Certo ci sono i micetti della galassia centrista del Parlamento. Che dopo avere fatto le fusa per due decenni al felino al potere di turno, ottenendo in cambio ruoli istituzionali e ministeri, pretendono che per sembrare nuovi basti dare una spazzolata all´ormai logora pelliccia. C´è anche il gatto Grillo che miagola come pochi ma purtroppo, lui e i suoi accoliti, non ha mai visto un topo e rischia di passare il tempo a devastare le tende della casa già provata dalle sortite dei precedenti cacciatori.
A questo punto è evidente che, per prendere il famoso topo, l´unica speranza sia una coalizione di persone nuove e capaci che riportino a Palazzo Chigi, stavolta non da tecnico ma da politico, Mario Monti. Il professor Monti oggi è l´unico personaggio in Italia che è in possesso dell´autorevolezza internazionale e della necessaria esperienza per avviare una seria caccia al topo. Il suo governo, che vale la pena di ricordarlo, era basato su un mandato tecnico e non politico, ha egregiamente svolto il ruolo che deve essere proprio di un commissario che interviene in una crisi aziendale, vale a dire curare le emergenze e garantire che l´azienda sia in grado di mantenere la continuità operativa nel rispetto degli interessi di dipendenti, clienti, fornitori e finanziatori. Adesso è necessario fornire al professor Monti quel supporto politico necessario per avviare una reale ed incisiva stagione di riforme in grado di cambiare il nostro Paese, rivoltando come un calzino quelle sacche di improduttività che, decenni di mala politica, hanno tollerato e lasciato prosperare.
Con le sue dimissioni il Professor Monti si trova davanti a un bivio. Da un lato potrebbe decidere di lasciare la scena e, in quel caso, sicuramente raccoglierebbe la gratitudine per avere fermato, perlomeno momentaneamente, viste le caratteristiche dei personaggi che rischiano di guidare il prossimo governo, la pericolosa discesa verso scenari greci o argentini che ci avrebbe portato a quella perdita di sovranità derivante da un commissariamento della nostra politica economica da parte degli organismi dell´Unione Europea.
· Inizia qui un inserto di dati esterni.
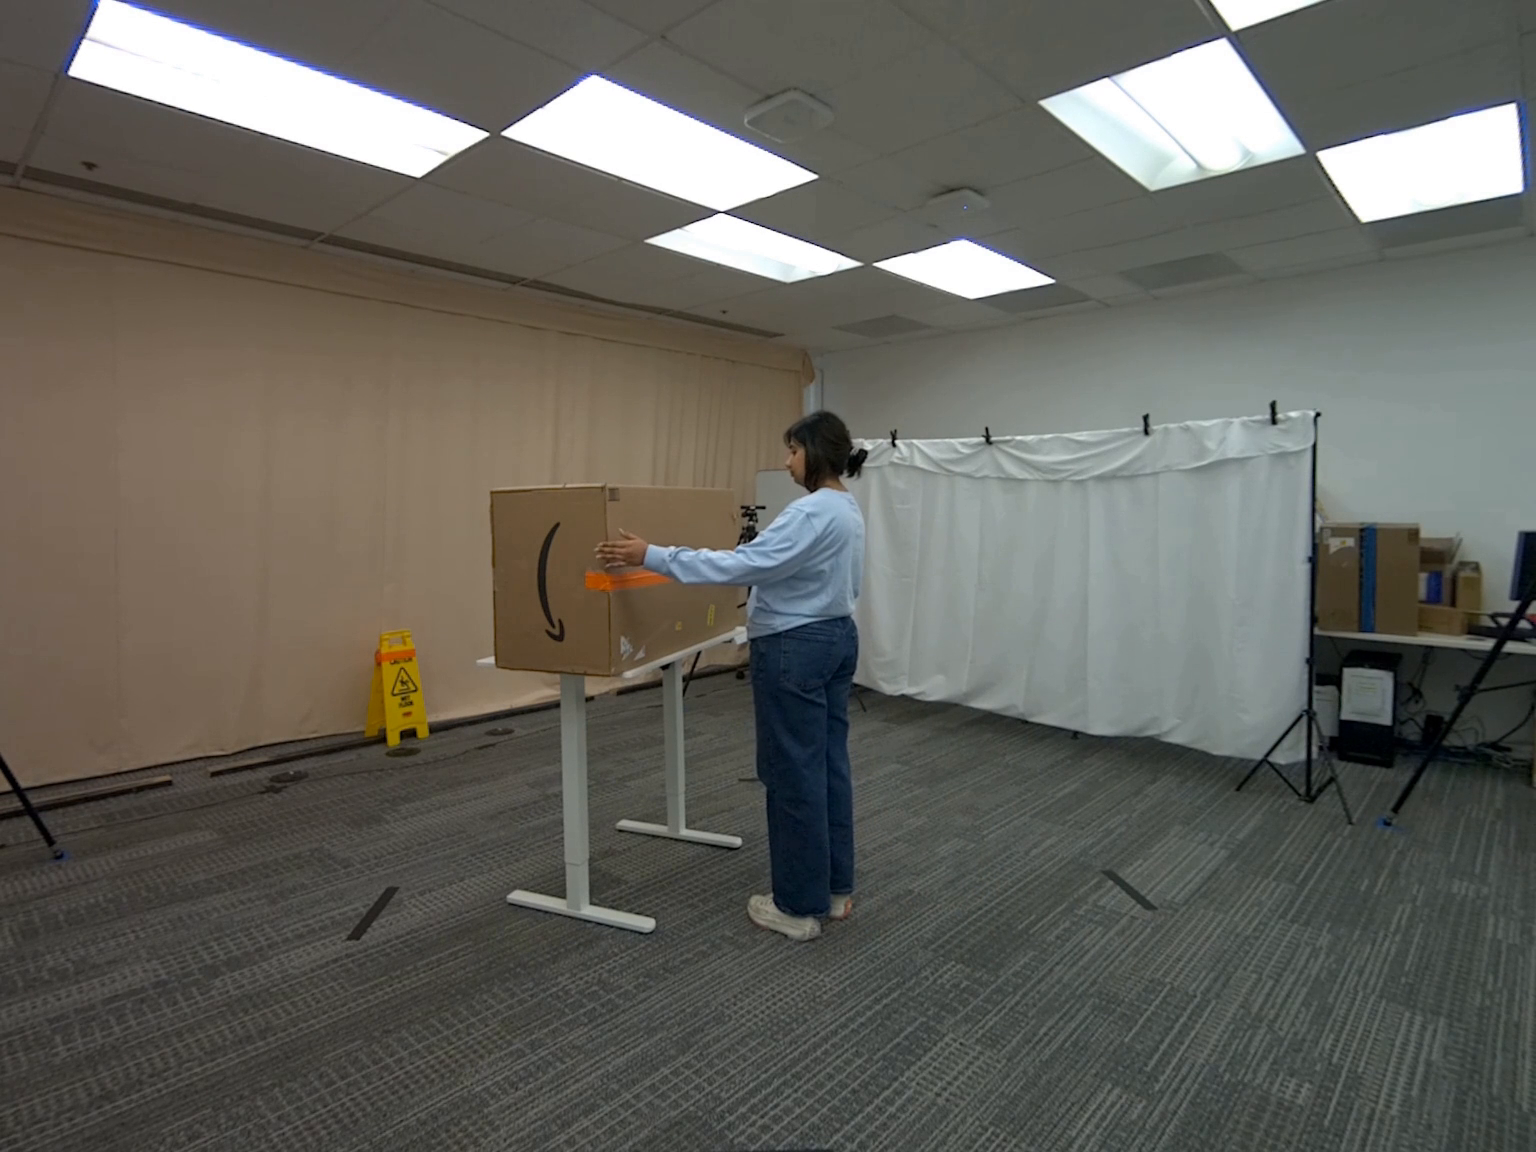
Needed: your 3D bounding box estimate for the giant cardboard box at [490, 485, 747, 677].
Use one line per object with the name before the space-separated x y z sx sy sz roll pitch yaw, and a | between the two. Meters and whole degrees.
giant cardboard box | -0.507 -0.025 3.066 0.436 0.576 1.004 1 5 22
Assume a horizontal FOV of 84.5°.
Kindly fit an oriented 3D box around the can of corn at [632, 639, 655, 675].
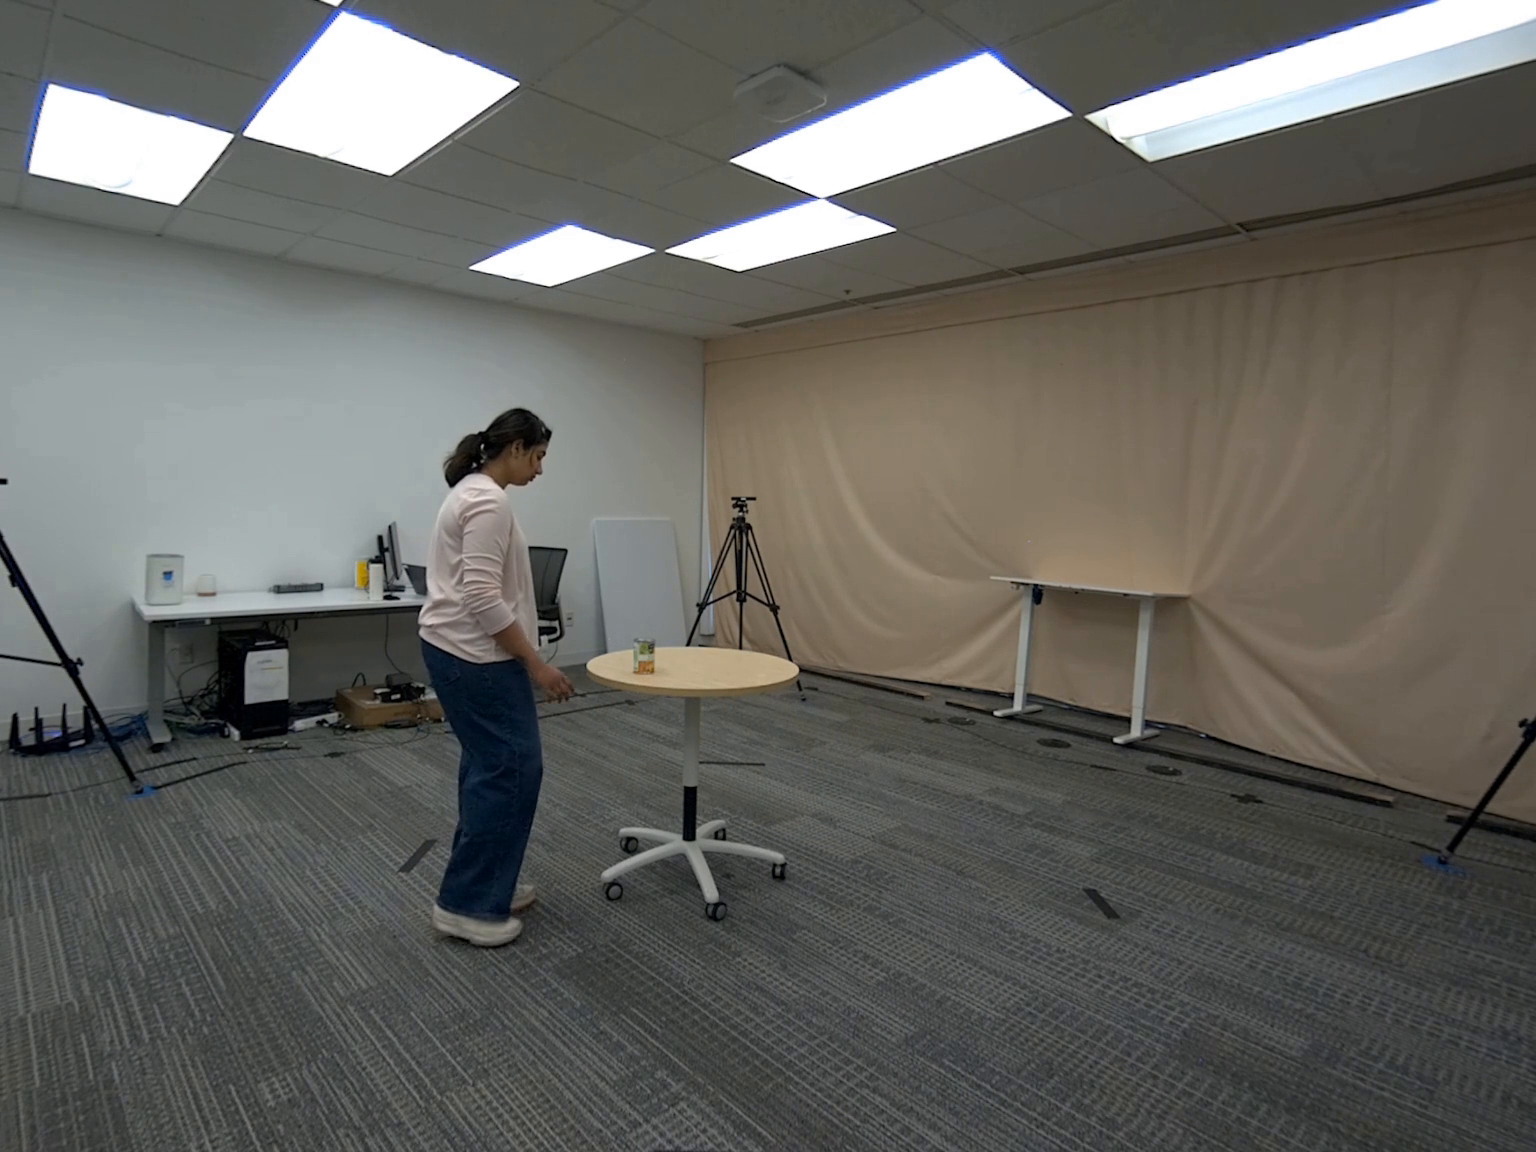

Dall´altro potrebbe invece decidere di rimanere e raccogliere la sfida di cambiare l´Italia nella direzione della modernizzazione necessaria per valorizzare le tante risorse presenti nel nostro Paese, raccogliendo in quel caso una gratitudine che andrebbe ben oltre questa generazione di Italiani ma coinvolgerebbe le successive. Nel secondo caso potrà contare sul sostegno deciso e leale dei tanti italiani che, traditi dai gatti della nostra politica e non rassegnati a vivere la Storia da spettatori e da sudditi, sanno che una volta tolto di torno il famoso topo, nulla impedirà al nostro Paese di tornare a quel ruolo di protagonista che per storia, tradizione, cultura e capacità della sua gente gli compete.
Professore, dia agli Italiani la speranza di vedere avverate le loro speranze. Perché stavolta o si prende il topo oppure non rimane che lasciare la casa.